Hepatitis C virus-like particle budding: role of the core protein and importance of its Asp111

Abstract

In the absence of a hepatitis C virus (HCV) culture system, the use of a Semliki Forest virus replicon expressing genes encoding HCV structural proteins that assemble into HCV-like particles provides an opportunity to study HCV morphogenesis. Using this system, we showed that the HCV core protein constitutes the budding apparatus of the virus and that its targeting to the endoplasmic reticulum by means of the signal sequence of E1 protein is essential for budding. In addition, the aspartic acid at position 111 in the HCV core protein sequence was found to be crucial for virus assembly, demonstrating the usefulness of this system for mapping amino acids critical to HCV morphogenesis.

FIG. 1.

Description of the SFV RNAs encoding HCV structural proteins and expression in BHK-21 cells. (A) RNAs transcribed from the four SFV DNA constructs. The SFV/Dj construct is our original Dj6.4 clone, encoding HCV core-E1-E2, and is described elsewhere (4). The horizontal line in each construct indicates the segment of the SFV genome. The position of the subgenomic SFV promoter is indicated (26S). Boxes show the inserted genes, and the shaded box in the SFV/Dj-C191 construct indicates the signal sequence targeting the E1 envelope glycoprotein to the ER. SPP, signal peptide peptidase processing between residues 173 and 174. The SFV/Dj-D111A construct was produced by introducing a D₁₁₁-to-A substitution in the original SFV/Dj construct, i.e., introducing a viral L domain, PTAP. (B) Immunofluorescence staining, using a monoclonal anti-core antibody, of BHK-21 cells electroporated with SFV RNA β-Gal (a), Dj (b), Dj-C191 (c), Dj-C173 (d), and Dj-D111A (e). This assay was performed by following a standard procedure (35), using the mouse monoclonal anti-HCV core antibody MAb 1856 (Virostat, Portland, Maine). (C) Western blotting of these cells with monoclonal anti-core and anti-E2 antibodies. For this standard assay (4), the anti-core MAb 1856 gave poor results. We therefore carried out immunoblotting with the human monoclonal anti-core antibody B12.F8 (11) and the mouse monoclonal anti-E2 (10).

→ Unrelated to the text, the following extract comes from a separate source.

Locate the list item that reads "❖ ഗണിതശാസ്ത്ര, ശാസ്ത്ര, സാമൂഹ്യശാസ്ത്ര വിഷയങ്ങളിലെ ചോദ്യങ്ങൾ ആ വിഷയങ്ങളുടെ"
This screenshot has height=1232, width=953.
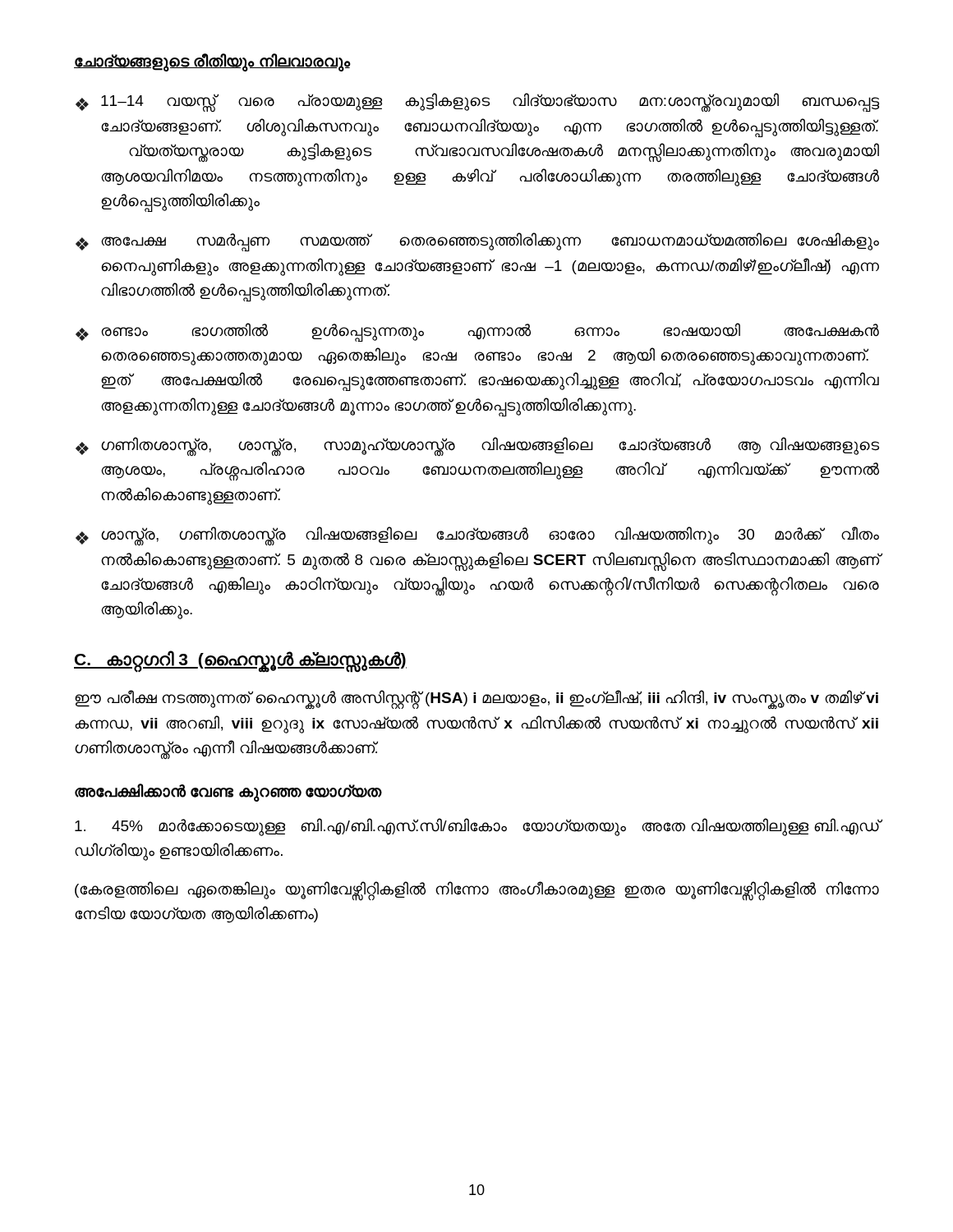[476, 470]

Size markers (in kilodaltons) were obtained from New England Biolabs (Beverly, Mass.).

FIG. 2.

Electron micrographs of ultrathin sections of BHK-21 cells electroporated with SFV/Dj (A and B) or SFV/Dj-C173 (C) RNA. The large arrow in panel A indicates ER, revealing a dilated lumen and convoluted membranes, the arrowheads in panel B indicate virus-like particles budding from these convoluted membranes towards the ER lumen, and the arrows in panel C indicate normal, homogeneously distributed ER structures throughout the cytoplasm. Bars, 1 μm (A), 100 nm (B), and 200 nm (C).

FIG. 3.

Electron micrographs of ultrathin sections of BHK-21 cells electroporated with SFV/Dj-C191 RNA. (A and B) Areas of convoluted ER membranes displaying adhesion via their cytosolic sides (arrows). In panel B, an electron-dense midline similar to those found in intercellular adhesion complexes such as the desmosome can be observed. (C) A typical area of convoluted ER, revealing double-layered membranes and the budding of virus-like particles from these membranes into the ER lumen. (D and E) High-magnification images of some virus-like particles (arrowheads) budding into the ER. In panel D, note the virus-like budding (arrowhead) occurring close to a region in which ER membranes are adhering via their cytosolic sides (arrow). Bars, 100 nm (A, B, D, and E) and 200 nm (C).

FIG. 4.

Electron micrographs of ultrathin sections of BHK-21 cells electroporated with SFV/Dj (A) or SFV/Dj-D111A (B) RNA. (A) A typical area shows convoluted ER membranes in which the budding of virus-like particles occurs. (B) In the presence of the D111A mutation, the formation of these convoluted ER membranes is retained but no virus particles are detected in these membranes or in the ER lumen. Bars, 1 μm (A) and 500 nm (B).